The general format for a file with labeled features is:

feature_name label_name label_name ...

Vectors2FeatureConstraints can estimate target expectations from a file with labeled features. A simple heuristic for obtaining expectations from labeled features is to uniformly divide constant probability mass among the labels for a feature. By default, 0.9 probability is allocated to the labels for a feature. This estimation method can be specified using heuristic for the targets command option.

java cc.mallet.classify.tui.Vectors2FeatureConstraints \
--input baseball-hockey.train.vectors \
--output baseball-hockey.constraints \
--features-file baseball-hockey.labeled_features \
--targets heuristic 

The option majority-prob can be used to specify a value other than 0.9. We can use the constraints file baseball-hockey.constraints to perform GE training as above.

Machine-provided Candidate Features

We may obtain a set of candidate features for which constraints may be expressed using the Latent Dirichlet Allocation (LDA) based method of Druck, Mann, and McCallum 2008.

java cc.mallet.classify.tui.Vectors2FeatureConstraints \
--input baseball-hockey.train.vectors \
--output baseball-hockey.features \
--feature-selection lda \
--lda-file baseball-hockey.train.lda \
--targets none \
--num-constraints 10 

The lda-file is a serialized LDA model file. See the topic modeling tutorial for more information. Setting targets to none tells Vectors2FeatureConstraints to output candidate features only. baseball-hockey.features will then contain a list of ten candidate features, one per line.

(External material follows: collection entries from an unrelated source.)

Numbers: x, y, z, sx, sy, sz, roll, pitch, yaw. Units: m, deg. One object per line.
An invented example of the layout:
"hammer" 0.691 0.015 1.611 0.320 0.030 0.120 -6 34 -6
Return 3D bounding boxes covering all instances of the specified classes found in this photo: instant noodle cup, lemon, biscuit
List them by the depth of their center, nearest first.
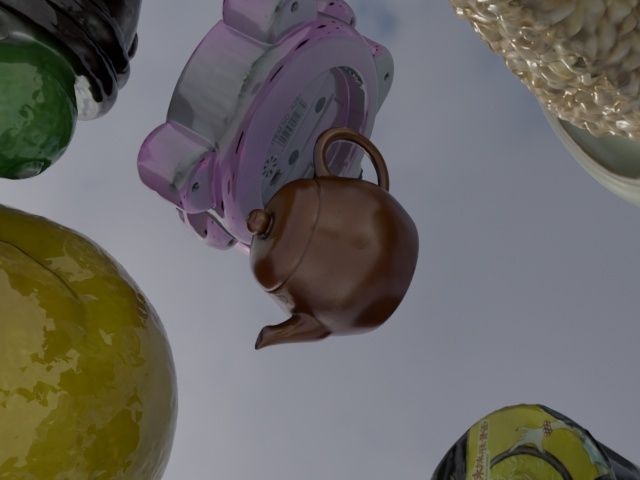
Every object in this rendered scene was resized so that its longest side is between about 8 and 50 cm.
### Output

The above method is unsupervised (i.e. does not look at the true labels). We can also select candidate features using an “oracle” information gain method (infogain) that looks at the true labels. (Note that when using true labels obtaining constraints, baseball-hockey.train.vectors, rather than baseball-hockey.unlabeled.vectors, must be used.)

java cc.mallet.classify.tui.Vectors2FeatureConstraints \
--input baseball-hockey.train.vectors \
--output baseball-hockey.features \
--feature-selection infogain \
--targets none \
--num-constraints 10

Machine-provided Target Expectations

Given a set of candidate features, we may estimate constraints using two methods. The first method is to have the machine label the features (by revealing the true labels and using the method of Druck, Mann, and McCallum 2008), and convert these labels into expectations using the same heuristic as above.

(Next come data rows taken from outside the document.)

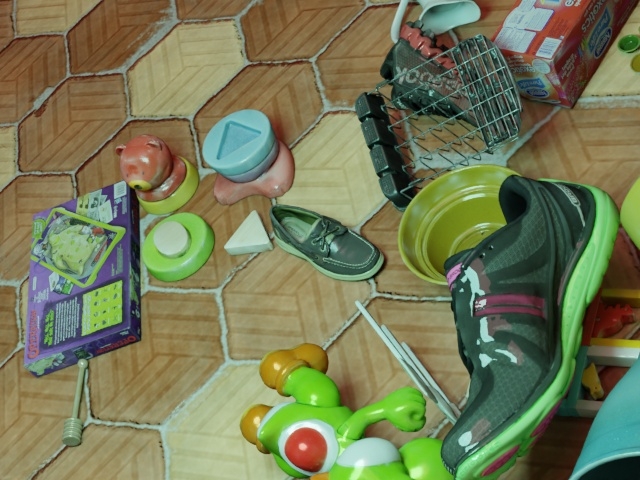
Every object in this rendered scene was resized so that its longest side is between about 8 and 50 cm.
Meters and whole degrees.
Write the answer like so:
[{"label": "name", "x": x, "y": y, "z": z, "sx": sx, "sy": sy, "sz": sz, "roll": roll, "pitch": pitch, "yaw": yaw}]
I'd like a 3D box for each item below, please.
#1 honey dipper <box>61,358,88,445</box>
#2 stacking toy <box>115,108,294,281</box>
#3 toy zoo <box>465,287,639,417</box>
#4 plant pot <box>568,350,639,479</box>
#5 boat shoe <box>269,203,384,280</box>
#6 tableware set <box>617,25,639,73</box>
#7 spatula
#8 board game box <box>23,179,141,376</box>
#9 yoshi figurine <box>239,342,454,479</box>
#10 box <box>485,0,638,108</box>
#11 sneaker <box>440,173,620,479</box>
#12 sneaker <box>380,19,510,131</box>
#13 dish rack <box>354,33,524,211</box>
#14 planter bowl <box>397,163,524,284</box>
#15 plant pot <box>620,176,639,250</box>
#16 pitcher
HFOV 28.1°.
[{"label": "honey dipper", "x": -0.397, "y": 0.260, "z": 2.081, "sx": 0.030, "sy": 0.030, "sz": 0.160, "roll": -17, "pitch": 45, "yaw": 17}, {"label": "stacking toy", "x": -0.211, "y": -0.092, "z": 2.184, "sx": 0.309, "sy": 0.130, "sz": 0.279, "roll": -16, "pitch": 49, "yaw": 18}, {"label": "toy zoo", "x": 0.360, "y": 0.151, "z": 1.747, "sx": 0.293, "sy": 0.030, "sz": 0.192, "roll": 1, "pitch": 56, "yaw": 29}, {"label": "plant pot", "x": 0.439, "y": 0.241, "z": 1.490, "sx": 0.272, "sy": 0.271, "sz": 0.255, "roll": -2, "pitch": 40, "yaw": 27}, {"label": "boat shoe", "x": 0.000, "y": -0.001, "z": 2.035, "sx": 0.224, "sy": 0.073, "sz": 0.080, "roll": 23, "pitch": 69, "yaw": 40}, {"label": "tableware set", "x": 0.538, "y": -0.293, "z": 2.005, "sx": 0.104, "sy": 0.024, "sz": 0.154, "roll": -32, "pitch": 47, "yaw": 4}, {"label": "spatula", "x": 0.133, "y": 0.184, "z": 1.759, "sx": 0.019, "sy": 0.168, "sz": 0.242, "roll": -45, "pitch": 38, "yaw": 5}, {"label": "board game box", "x": -0.414, "y": 0.059, "z": 2.236, "sx": 0.208, "sy": 0.056, "sz": 0.346, "roll": -17, "pitch": 48, "yaw": 11}, {"label": "yoshi figurine", "x": 0.061, "y": 0.282, "z": 1.696, "sx": 0.203, "sy": 0.203, "sz": 0.362, "roll": -39, "pitch": 39, "yaw": -14}, {"label": "box", "x": 0.394, "y": -0.353, "z": 2.062, "sx": 0.128, "sy": 0.122, "sz": 0.257, "roll": 18, "pitch": 65, "yaw": 37}, {"label": "sneaker", "x": 0.238, "y": 0.111, "z": 1.668, "sx": 0.202, "sy": 0.185, "sz": 0.482, "roll": 22, "pitch": 55, "yaw": 5}, {"label": "sneaker", "x": 0.196, "y": -0.245, "z": 2.108, "sx": 0.135, "sy": 0.098, "sz": 0.276, "roll": -47, "pitch": 54, "yaw": 6}, {"label": "dish rack", "x": 0.189, "y": -0.190, "z": 2.003, "sx": 0.272, "sy": 0.074, "sz": 0.208, "roll": -26, "pitch": 69, "yaw": 24}, {"label": "planter bowl", "x": 0.231, "y": -0.002, "z": 1.897, "sx": 0.217, "sy": 0.090, "sz": 0.217, "roll": -14, "pitch": 50, "yaw": 18}, {"label": "plant pot", "x": 0.554, "y": -0.004, "z": 1.633, "sx": 0.254, "sy": 0.254, "sz": 0.239, "roll": -32, "pitch": 62, "yaw": 3}, {"label": "pitcher", "x": 0.188, "y": -0.456, "z": 2.272, "sx": 0.178, "sy": 0.125, "sz": 0.207, "roll": -26, "pitch": 56, "yaw": 30}]

java cc.mallet.classify.tui.Vectors2FeatureConstraints \
--input baseball-hockey.train.vectors \
--output baseball-hockey.constraints \
--features-file baseball-hockey.features \
--targets heuristic

Note that if the candidate features are also machine-provided, we may perform both steps at the same time using, for example, the command:

java cc.mallet.classify.tui.Vectors2FeatureConstraints \
--input baseball-hockey.train.vectors \
--output baseball-hockey.constraints \
--feature-selection lda \
--lda-file baseball-hockey.train.lda \
--num-constraints 10 \
--targets heuristic

Finally, we may estimate the expectations using the exact target expectations from the labeled data. The targets option to do this is oracle.

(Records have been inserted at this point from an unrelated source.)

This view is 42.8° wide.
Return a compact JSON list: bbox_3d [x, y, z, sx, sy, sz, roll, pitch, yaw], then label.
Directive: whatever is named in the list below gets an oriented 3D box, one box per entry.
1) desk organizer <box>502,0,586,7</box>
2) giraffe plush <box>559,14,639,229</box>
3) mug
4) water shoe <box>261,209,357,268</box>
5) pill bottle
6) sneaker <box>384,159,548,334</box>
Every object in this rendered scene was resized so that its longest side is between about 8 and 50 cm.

java cc.mallet.classify.tui.Vectors2FeatureConstraints \
--input baseball-hockey.train.vectors \
--output baseball-hockey.constraints \
--features-file baseball-hockey.features \
--targets oracle

Note that when using heuristic targets, the machine may discard candidate features in the labeling process (c.f. Druck, Mann, and McCallum 2008). However, the machine does not discard any candidate features when using --targets oracle .

Tips

For GE training, a gaussianPriorVariance of 1 is a reasonable default choice.
For PR training, in our experience large values for qGaussianPriorVariance and small values for pGaussianPriorVariance work best.
The command line interfaces only provide basic functionality. In some cases it may be necessary to tweak the optimization code (by for example setting convergence tolerances or step sizes) in order to obtain good results.
As a rule of thumb, try to specify a set of constraints that is balanced among labels and covers many documents.